ACTIVITY — What is the number of lines in these entries that include "Channel"? Write that number and no other text.

[Stored dataset items]
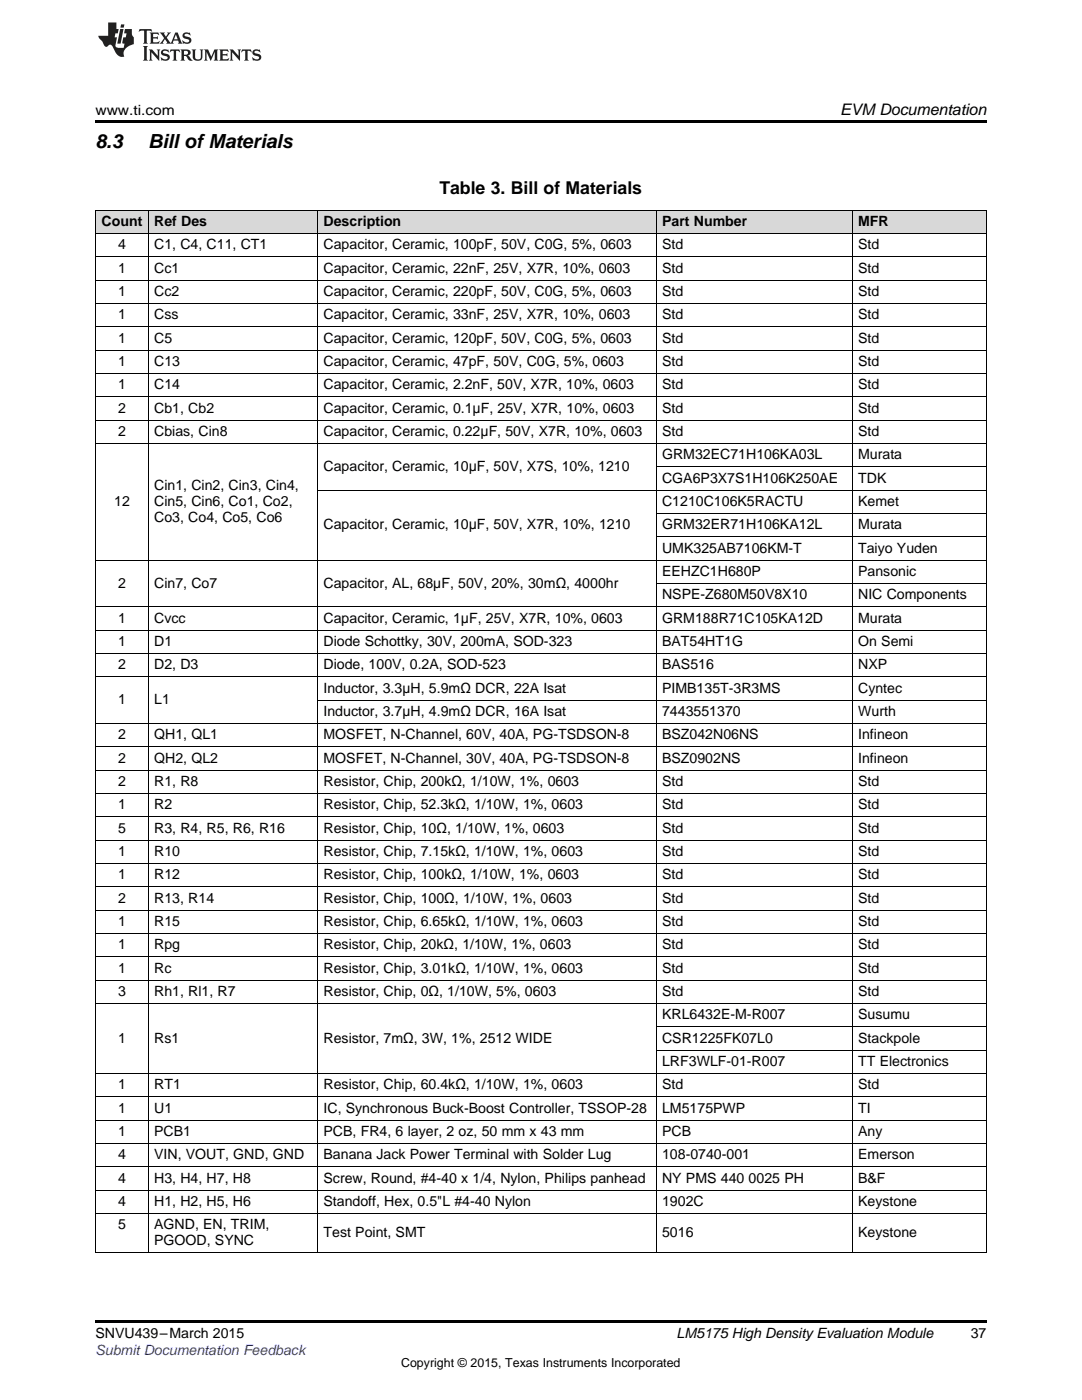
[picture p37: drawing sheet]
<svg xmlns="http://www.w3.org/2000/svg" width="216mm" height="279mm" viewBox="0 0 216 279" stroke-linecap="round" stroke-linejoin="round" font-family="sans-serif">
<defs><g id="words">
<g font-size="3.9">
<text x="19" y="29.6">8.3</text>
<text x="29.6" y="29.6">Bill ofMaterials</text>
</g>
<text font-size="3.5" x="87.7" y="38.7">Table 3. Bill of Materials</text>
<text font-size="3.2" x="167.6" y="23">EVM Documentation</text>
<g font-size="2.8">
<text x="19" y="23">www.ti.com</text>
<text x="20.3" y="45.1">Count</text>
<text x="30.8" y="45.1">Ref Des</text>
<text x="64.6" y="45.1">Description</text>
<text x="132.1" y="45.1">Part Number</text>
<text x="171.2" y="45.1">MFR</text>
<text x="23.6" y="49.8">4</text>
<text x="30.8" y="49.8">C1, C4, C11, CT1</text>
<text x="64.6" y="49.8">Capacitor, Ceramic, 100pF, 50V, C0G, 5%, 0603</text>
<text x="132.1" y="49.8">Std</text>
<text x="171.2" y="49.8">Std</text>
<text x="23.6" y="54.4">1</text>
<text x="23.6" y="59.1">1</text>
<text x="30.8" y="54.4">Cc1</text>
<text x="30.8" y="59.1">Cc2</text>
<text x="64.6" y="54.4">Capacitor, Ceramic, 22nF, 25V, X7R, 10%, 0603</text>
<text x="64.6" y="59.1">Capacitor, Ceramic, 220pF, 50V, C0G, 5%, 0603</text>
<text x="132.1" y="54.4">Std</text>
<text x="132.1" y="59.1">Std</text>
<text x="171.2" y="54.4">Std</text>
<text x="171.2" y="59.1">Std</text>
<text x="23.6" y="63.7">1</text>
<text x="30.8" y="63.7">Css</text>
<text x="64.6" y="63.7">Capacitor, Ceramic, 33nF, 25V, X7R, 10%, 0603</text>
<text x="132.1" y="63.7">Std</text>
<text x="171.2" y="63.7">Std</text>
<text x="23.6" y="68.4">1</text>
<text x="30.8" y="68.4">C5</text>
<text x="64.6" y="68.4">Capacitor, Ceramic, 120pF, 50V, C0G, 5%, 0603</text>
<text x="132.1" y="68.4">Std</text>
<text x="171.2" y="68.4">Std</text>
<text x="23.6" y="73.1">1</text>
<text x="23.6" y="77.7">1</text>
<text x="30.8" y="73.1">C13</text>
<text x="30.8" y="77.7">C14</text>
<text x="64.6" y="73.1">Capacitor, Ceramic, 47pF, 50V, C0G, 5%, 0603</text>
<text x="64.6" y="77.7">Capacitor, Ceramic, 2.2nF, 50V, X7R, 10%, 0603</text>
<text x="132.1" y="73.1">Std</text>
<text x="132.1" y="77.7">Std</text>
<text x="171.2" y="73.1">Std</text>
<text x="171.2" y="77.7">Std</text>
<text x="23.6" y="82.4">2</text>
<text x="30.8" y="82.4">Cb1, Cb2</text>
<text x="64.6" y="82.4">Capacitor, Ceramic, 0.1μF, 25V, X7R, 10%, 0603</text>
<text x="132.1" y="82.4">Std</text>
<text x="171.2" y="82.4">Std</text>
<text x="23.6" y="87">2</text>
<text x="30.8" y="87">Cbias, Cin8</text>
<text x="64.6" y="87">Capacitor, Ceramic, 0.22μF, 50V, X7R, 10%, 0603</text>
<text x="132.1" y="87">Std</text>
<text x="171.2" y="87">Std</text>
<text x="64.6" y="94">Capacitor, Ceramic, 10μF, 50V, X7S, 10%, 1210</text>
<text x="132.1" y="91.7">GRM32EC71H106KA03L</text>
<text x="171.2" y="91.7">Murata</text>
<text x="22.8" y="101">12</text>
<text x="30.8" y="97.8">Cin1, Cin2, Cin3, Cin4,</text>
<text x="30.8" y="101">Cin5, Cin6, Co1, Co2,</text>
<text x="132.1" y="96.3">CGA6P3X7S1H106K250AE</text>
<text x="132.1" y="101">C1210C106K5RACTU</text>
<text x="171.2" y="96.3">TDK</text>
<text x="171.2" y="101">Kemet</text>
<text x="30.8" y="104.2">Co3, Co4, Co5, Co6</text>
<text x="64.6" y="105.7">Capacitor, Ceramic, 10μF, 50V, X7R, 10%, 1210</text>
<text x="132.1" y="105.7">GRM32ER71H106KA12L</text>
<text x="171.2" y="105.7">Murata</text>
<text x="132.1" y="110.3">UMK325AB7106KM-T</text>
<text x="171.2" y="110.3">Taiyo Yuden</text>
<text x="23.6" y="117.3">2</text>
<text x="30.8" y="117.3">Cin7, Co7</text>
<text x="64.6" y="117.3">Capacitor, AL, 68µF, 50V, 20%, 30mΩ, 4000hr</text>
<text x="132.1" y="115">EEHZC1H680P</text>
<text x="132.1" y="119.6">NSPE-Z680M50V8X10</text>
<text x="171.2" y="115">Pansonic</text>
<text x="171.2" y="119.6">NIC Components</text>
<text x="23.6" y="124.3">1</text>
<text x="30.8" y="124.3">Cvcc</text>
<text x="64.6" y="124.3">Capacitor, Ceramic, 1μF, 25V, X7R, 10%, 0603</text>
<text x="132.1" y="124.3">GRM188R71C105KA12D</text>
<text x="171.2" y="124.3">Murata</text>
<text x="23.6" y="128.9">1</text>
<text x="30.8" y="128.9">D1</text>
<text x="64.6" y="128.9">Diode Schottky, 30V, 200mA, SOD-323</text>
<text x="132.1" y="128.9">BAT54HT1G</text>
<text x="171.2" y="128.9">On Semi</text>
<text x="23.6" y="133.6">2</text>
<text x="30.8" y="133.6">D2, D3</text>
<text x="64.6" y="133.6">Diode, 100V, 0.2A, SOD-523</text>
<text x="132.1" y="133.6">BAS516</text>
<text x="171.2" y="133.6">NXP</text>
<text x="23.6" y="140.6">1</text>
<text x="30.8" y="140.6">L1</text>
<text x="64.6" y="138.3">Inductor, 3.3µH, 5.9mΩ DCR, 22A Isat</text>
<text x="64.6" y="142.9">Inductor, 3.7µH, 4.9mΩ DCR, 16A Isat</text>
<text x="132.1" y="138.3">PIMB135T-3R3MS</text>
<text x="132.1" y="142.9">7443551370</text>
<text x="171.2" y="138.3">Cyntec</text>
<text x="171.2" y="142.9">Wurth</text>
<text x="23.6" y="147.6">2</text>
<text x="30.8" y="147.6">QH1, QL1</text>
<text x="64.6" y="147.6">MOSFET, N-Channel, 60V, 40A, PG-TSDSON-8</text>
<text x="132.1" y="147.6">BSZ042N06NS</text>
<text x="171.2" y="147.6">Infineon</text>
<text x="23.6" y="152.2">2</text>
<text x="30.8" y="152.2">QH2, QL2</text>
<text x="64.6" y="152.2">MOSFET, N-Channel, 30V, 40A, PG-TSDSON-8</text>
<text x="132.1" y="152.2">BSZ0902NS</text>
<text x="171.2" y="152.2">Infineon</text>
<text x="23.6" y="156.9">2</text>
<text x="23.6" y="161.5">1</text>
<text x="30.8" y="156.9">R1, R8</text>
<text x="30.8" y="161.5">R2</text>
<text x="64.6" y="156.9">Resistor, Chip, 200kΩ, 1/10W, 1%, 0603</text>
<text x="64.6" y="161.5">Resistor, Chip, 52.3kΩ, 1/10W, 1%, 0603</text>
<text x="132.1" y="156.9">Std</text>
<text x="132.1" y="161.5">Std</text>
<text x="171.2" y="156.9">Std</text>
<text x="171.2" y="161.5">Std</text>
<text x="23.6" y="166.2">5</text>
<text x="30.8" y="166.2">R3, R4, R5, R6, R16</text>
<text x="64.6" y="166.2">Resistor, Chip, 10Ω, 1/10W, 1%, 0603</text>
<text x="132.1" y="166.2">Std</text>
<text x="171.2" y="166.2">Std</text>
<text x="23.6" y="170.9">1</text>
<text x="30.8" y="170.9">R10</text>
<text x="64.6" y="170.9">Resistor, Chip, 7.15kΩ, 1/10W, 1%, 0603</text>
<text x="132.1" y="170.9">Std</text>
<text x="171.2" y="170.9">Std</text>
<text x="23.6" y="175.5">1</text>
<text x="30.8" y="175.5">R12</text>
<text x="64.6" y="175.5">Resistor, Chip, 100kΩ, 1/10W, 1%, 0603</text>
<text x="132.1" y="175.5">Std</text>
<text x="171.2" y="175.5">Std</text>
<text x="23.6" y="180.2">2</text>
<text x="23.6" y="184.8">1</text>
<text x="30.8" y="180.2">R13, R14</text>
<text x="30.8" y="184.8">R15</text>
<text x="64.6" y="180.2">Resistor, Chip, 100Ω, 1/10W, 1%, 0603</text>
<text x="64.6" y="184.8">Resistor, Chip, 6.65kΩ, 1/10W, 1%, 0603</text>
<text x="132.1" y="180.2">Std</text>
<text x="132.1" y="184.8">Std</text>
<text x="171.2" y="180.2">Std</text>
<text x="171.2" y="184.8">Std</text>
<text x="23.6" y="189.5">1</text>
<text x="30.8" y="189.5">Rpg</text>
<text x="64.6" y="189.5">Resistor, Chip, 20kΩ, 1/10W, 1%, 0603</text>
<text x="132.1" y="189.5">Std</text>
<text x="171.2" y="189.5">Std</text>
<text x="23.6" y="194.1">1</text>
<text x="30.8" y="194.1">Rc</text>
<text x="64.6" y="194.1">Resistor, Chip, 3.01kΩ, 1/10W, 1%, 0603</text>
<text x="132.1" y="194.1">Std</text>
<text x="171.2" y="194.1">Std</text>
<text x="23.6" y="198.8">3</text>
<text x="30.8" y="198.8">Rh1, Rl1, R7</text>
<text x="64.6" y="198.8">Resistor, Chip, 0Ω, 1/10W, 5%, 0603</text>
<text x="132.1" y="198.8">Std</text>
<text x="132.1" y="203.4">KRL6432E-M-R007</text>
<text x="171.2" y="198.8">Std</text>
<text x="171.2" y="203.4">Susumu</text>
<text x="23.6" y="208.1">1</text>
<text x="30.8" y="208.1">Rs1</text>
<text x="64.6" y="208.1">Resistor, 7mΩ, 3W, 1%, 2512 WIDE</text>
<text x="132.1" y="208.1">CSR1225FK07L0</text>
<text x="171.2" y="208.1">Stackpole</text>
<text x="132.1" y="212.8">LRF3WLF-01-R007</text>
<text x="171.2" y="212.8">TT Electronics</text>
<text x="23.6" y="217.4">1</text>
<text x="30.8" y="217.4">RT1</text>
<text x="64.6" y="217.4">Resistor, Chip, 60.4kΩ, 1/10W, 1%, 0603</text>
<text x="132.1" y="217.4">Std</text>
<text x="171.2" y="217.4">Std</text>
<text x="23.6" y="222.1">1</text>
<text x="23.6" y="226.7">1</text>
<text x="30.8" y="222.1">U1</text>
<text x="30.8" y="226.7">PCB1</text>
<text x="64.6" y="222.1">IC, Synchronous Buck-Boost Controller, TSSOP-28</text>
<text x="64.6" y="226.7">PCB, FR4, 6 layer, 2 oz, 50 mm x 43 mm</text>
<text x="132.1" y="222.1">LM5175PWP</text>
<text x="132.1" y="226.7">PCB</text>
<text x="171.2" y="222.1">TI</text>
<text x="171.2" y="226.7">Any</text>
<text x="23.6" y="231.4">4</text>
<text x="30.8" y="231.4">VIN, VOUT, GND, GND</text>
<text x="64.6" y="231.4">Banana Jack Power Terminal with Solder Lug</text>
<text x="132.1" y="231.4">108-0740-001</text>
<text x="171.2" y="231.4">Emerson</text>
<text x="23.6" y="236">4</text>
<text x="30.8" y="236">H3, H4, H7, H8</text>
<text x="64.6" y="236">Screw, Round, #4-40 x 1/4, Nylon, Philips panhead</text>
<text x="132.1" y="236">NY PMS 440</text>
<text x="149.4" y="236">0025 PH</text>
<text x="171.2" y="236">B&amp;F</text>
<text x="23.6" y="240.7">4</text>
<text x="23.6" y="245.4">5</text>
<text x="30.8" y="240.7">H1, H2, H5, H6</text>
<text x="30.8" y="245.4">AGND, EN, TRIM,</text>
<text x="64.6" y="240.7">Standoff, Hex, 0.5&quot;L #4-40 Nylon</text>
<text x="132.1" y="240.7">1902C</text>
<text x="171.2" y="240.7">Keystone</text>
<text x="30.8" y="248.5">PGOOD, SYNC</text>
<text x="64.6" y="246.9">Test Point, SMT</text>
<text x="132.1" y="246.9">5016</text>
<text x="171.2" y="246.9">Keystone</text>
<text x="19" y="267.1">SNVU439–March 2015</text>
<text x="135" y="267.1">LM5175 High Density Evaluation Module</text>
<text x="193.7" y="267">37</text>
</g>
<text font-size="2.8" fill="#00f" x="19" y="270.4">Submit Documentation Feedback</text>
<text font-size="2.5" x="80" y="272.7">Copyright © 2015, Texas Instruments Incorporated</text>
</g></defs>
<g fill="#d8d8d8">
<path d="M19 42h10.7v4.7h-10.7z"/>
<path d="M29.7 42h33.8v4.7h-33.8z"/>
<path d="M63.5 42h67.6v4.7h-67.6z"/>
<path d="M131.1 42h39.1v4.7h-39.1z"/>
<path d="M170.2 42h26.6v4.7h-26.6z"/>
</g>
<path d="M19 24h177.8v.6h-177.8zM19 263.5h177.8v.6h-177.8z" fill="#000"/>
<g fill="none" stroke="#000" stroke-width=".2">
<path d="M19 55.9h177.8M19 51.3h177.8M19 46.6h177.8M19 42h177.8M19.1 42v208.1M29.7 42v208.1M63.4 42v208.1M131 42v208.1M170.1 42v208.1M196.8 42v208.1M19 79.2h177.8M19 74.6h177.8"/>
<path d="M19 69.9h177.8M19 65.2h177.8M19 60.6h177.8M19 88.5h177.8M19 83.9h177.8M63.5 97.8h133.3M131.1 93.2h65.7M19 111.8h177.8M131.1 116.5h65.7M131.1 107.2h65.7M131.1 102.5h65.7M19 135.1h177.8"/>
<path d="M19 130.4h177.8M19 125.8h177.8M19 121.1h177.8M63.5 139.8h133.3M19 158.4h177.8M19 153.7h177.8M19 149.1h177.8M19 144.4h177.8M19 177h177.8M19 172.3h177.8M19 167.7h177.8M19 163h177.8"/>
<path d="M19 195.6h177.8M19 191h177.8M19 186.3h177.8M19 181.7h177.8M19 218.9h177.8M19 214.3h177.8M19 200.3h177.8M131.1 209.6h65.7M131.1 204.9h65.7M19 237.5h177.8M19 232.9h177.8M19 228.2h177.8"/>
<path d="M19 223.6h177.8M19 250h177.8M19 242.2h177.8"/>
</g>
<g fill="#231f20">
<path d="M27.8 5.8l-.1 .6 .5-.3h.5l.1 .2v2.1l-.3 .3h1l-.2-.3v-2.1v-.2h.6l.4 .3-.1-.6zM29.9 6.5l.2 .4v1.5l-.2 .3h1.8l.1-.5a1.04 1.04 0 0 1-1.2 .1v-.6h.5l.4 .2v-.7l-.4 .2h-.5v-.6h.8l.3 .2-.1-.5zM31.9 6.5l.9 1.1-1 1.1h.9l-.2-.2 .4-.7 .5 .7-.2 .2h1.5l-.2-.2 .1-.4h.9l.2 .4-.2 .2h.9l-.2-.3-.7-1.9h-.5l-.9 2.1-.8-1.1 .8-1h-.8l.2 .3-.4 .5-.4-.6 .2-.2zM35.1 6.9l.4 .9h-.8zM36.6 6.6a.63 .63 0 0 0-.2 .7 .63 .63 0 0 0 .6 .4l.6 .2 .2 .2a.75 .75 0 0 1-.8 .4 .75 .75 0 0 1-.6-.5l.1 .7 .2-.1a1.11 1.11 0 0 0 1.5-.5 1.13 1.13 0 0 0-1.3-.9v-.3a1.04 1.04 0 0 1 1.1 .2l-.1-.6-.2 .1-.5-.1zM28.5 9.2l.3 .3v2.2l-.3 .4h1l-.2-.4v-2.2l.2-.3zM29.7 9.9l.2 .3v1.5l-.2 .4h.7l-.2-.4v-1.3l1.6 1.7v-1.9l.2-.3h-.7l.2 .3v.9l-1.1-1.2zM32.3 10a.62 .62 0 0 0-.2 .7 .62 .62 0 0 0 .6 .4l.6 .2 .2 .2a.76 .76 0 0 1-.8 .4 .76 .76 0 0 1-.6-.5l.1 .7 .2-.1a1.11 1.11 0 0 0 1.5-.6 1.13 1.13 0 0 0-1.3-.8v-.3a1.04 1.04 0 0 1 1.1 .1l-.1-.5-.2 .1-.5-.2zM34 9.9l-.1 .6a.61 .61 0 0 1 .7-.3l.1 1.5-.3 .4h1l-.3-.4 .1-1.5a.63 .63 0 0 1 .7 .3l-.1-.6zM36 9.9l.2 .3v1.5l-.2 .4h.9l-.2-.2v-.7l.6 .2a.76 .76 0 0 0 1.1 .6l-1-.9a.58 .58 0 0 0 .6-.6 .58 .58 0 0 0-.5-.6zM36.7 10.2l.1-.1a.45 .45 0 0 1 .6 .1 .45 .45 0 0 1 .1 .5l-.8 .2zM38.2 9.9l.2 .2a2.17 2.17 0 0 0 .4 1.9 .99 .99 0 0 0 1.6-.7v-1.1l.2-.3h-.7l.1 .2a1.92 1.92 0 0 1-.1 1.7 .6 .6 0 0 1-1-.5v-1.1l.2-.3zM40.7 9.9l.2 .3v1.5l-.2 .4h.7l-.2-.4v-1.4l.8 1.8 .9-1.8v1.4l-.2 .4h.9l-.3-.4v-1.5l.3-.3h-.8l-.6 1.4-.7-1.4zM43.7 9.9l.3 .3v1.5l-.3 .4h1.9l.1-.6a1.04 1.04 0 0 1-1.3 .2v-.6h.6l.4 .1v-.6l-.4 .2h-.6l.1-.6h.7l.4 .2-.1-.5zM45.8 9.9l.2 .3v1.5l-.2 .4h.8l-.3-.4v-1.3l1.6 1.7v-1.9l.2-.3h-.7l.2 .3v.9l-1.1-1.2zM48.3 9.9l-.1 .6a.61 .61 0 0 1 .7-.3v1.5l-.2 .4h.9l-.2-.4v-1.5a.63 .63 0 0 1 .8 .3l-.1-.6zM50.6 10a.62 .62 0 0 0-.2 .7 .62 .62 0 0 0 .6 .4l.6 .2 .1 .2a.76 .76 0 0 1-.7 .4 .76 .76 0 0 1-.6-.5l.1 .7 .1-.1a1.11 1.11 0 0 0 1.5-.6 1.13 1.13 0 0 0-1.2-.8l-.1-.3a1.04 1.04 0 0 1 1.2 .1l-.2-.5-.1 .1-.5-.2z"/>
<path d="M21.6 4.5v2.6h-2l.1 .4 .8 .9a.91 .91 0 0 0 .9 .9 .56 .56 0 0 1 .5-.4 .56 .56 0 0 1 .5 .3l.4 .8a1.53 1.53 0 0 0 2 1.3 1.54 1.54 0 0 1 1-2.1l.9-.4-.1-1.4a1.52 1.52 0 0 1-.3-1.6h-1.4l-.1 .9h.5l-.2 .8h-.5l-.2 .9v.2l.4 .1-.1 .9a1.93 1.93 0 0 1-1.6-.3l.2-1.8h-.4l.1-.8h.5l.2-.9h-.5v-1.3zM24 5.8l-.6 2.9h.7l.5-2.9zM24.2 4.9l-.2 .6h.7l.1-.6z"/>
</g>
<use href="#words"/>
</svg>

SOLUTION FOR THIS PROBLEM — 2